Based on my understanding of your comments, that the raw value of dense vector field will be stored in Lucene and again in _source
if not excluded, so there is a duplication, and this resulted additional 40 GB storage on disk, right? How the configuration of 1 replica influences the storage additionally?
What about the quantized vectors, will they be duplicated as well in replica shards?

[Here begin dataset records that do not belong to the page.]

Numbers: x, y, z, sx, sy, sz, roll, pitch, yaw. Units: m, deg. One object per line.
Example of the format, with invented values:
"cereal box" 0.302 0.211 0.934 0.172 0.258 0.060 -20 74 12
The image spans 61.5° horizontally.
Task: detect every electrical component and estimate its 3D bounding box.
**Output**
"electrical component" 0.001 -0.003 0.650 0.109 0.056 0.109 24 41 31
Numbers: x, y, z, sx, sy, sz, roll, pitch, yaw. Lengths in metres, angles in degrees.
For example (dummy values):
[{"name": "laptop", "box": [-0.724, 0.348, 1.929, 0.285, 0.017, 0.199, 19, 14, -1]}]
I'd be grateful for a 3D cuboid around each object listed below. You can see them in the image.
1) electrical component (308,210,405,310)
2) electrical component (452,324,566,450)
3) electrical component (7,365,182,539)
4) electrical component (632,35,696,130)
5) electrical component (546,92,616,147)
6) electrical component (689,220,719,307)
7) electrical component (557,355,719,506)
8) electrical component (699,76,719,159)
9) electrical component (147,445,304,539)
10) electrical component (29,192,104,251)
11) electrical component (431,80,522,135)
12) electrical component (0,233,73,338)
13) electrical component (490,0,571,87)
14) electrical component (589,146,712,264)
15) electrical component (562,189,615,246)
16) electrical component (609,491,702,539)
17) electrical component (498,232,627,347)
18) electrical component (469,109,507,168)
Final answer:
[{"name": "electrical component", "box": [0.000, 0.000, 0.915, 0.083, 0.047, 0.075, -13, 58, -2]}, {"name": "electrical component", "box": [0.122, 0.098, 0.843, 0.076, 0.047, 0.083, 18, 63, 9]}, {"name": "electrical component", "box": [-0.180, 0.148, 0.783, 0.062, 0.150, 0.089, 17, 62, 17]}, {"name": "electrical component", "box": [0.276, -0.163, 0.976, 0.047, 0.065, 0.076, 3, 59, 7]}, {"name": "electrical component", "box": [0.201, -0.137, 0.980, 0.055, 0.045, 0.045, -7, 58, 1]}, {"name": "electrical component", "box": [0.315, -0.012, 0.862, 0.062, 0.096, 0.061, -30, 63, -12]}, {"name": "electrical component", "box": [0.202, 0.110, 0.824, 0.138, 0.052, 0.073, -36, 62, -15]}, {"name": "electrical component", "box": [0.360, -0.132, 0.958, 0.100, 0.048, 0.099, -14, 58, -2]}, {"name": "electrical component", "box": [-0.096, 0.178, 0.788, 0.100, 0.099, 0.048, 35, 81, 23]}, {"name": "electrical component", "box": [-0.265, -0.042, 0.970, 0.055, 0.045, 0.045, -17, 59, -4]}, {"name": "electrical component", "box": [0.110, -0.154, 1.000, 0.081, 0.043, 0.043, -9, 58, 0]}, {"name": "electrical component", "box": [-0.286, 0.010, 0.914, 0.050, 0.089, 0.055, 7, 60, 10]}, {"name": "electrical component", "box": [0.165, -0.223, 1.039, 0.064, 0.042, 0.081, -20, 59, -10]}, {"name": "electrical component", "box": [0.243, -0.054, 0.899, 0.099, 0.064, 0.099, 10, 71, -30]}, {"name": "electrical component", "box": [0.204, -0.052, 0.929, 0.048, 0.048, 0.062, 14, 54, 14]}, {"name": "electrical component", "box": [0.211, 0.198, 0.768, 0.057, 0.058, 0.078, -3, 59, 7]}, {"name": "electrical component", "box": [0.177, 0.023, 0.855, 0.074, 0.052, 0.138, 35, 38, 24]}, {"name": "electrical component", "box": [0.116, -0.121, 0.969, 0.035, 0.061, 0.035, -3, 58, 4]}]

I attached partially the response from the disk usage api
{
"_shards": {
"total": 2,
"successful": 2,
"failed": 0
},
"file_flat_1024": {
"store_size": "216.5gb",
"store_size_in_bytes": 232469055909,
"all_fields": {
"total": "216.4gb",
"total_in_bytes": 232444165546,
"inverted_index": {
"total": "2.9gb",
"total_in_bytes": 3147344422
},
"stored_fields": "163.7gb",
"stored_fields_in_bytes": 175830555711,
"doc_values": "97.1mb",
"doc_values_in_bytes": 101829561,
"points": "92.2mb",
"points_in_bytes": 96760144,
"norms": "9.8mb",
"norms_in_bytes": 10375998,
"term_vectors": "0b",
"term_vectors_in_bytes": 0,
"knn_vectors": "49.5gb",
"knn_vectors_in_bytes": 53257299710
},
"fields": {
"_source": {
"total": "163.5gb",
"total_in_bytes": 175628654805,
"inverted_index": {
"total": "0b",
"total_in_bytes": 0
},
"stored_fields": "163.5gb",
"stored_fields_in_bytes": 175628654805,
"doc_values": "0b",
"doc_values_in_bytes": 0,
"points": "0b",
"points_in_bytes": 0,
"norms": "0b",
"norms_in_bytes": 0,
"term_vectors": "0b",
"term_vectors_in_bytes": 0,
"knn_vectors": "0b",
"knn_vectors_in_bytes": 0
},
"file_section_embedding": {
"total": "49.5gb",
"total_in_bytes": 53257299710,
"inverted_index": {
"total": "0b",
"total_in_bytes": 0
},
"stored_fields": "0b",
"stored_fields_in_bytes": 0,
"doc_values": "0b",
"doc_values_in_bytes": 0,
"points": "0b",
"points_in_bytes": 0,
"norms": "0b",
"norms_in_bytes": 0,
"term_vectors": "0b",
"term_vectors_in_bytes": 0,
"knn_vectors": "49.5gb",
"knn_vectors_in_bytes": 53257299710
}
}
}
}
Btw, from the response of disk usage API, it seems that it returns the disk usage based on the primary shards, right?